Which gets us to the second big design question, which is in how far designers just let the simulation evolve countries, or in how far they add scripted events. EU5 starts less than two months before the historic start of the Hundred Years' War and nine years before the Black Death. These are events that will most certainly be scripted to happen in EU5, as will the Protestant Reformation in the 16th century. Other big historical events, like the discovery of the New World, has been left to happen "naturally" in EU4 and EU5, controlled only by naval technology. Which means that I have seen EU4 games in which AI Denmark colonized Canada and North America, rather than the English or the French.
The big problem with scripted events is that players quickly reverse engineer those scripts, and exploit them when playing in a region where they happen. Read or watch any guide on how to play France in EU4, and it will tell you how to deal with the Surrender of Maine or the Burgundian Succession, both of which are important scripted events. I don't even know whether these events will be in EU5, because with over a century of an earlier start, how likely is it that England will hold Maine in 1444, or that the Burgundian ruler dies in 1477 without a male heir? Which gets us back to the rise of certain empires in history, like the Ottomans, or Prussia, which historically involved some element of chance, and thus in a pure simulation have a good probability of not happening at all. In EU4 there was a game mechanic called "lucky nations" (which you could turn off), in which certain nations got bonuses that made it more likely for them to become important and play their historical role, but the devs decided to not do that in EU5.

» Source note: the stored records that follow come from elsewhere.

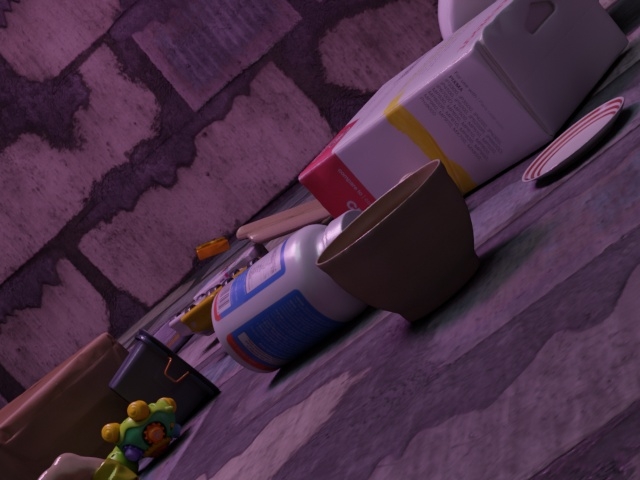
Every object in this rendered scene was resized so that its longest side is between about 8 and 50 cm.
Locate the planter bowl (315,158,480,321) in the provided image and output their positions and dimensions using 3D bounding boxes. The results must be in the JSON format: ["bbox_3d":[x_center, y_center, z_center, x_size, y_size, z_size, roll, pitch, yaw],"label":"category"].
[{"bbox_3d":[0.091,0.011,1.378,0.162,0.109,0.162,-40,7,6],"label":"planter bowl"}]

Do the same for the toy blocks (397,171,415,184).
[{"bbox_3d":[0.114,-0.019,1.709,0.123,0.054,0.148,-48,19,3],"label":"toy blocks"}]

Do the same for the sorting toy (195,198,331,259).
[{"bbox_3d":[-0.092,-0.018,2.628,0.307,0.041,0.229,-20,6,-9],"label":"sorting toy"}]

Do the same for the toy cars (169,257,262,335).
[{"bbox_3d":[-0.156,0.113,2.285,0.176,0.087,0.393,-37,2,-12],"label":"toy cars"}]

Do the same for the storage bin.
[{"bbox_3d":[-0.219,0.198,1.884,0.091,0.135,0.098,-53,10,-12],"label":"storage bin"}]

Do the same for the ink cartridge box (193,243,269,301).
[{"bbox_3d":[-0.147,0.065,2.635,0.181,0.061,0.104,-38,6,17],"label":"ink cartridge box"}]

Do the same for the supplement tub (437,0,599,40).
[{"bbox_3d":[0.303,-0.363,2.124,0.241,0.241,0.331,-39,6,14],"label":"supplement tub"}]

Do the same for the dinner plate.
[{"bbox_3d":[0.279,-0.106,1.501,0.141,0.017,0.141,-39,6,5],"label":"dinner plate"}]

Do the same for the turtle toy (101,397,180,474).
[{"bbox_3d":[-0.234,0.258,1.784,0.130,0.066,0.095,-41,-18,18],"label":"turtle toy"}]

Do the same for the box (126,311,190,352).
[{"bbox_3d":[-0.370,0.251,2.697,0.231,0.056,0.183,-35,7,38],"label":"box"}]

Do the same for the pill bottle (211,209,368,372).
[{"bbox_3d":[-0.016,0.058,1.632,0.221,0.124,0.124,-35,8,34],"label":"pill bottle"}]

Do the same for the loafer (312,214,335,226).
[{"bbox_3d":[0.000,0.000,2.274,0.050,0.056,0.148,-38,-3,26],"label":"loafer"}]

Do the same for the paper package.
[{"bbox_3d":[-0.407,0.317,1.954,0.325,0.168,0.309,-36,6,40],"label":"paper package"}]

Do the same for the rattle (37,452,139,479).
[{"bbox_3d":[-0.262,0.334,1.442,0.143,0.130,0.200,-49,26,40],"label":"rattle"}]

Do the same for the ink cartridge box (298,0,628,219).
[{"bbox_3d":[0.191,-0.178,1.864,0.384,0.160,0.279,-34,10,47],"label":"ink cartridge box"}]

Fortunately for me, none of this is a problem. I am okay with EU5 as leaning a bit more towards a simulation, and being a bit less game-like. I never liked world conquest gameplay in EU4 anyway, and am okay if it is strongly hindered by problems of large empire stability, as that is historically realistic to me. I'm also okay if certain things in my game don't happen as they did historically, as long as they seem somewhat historically realistic or possible. And I realize that the number of historical events and scripts added to EU5 is very much a function of time, as they take time to program, and much will be added via DLC. That doesn't stop me from playing the game on release, with a bit less of all that.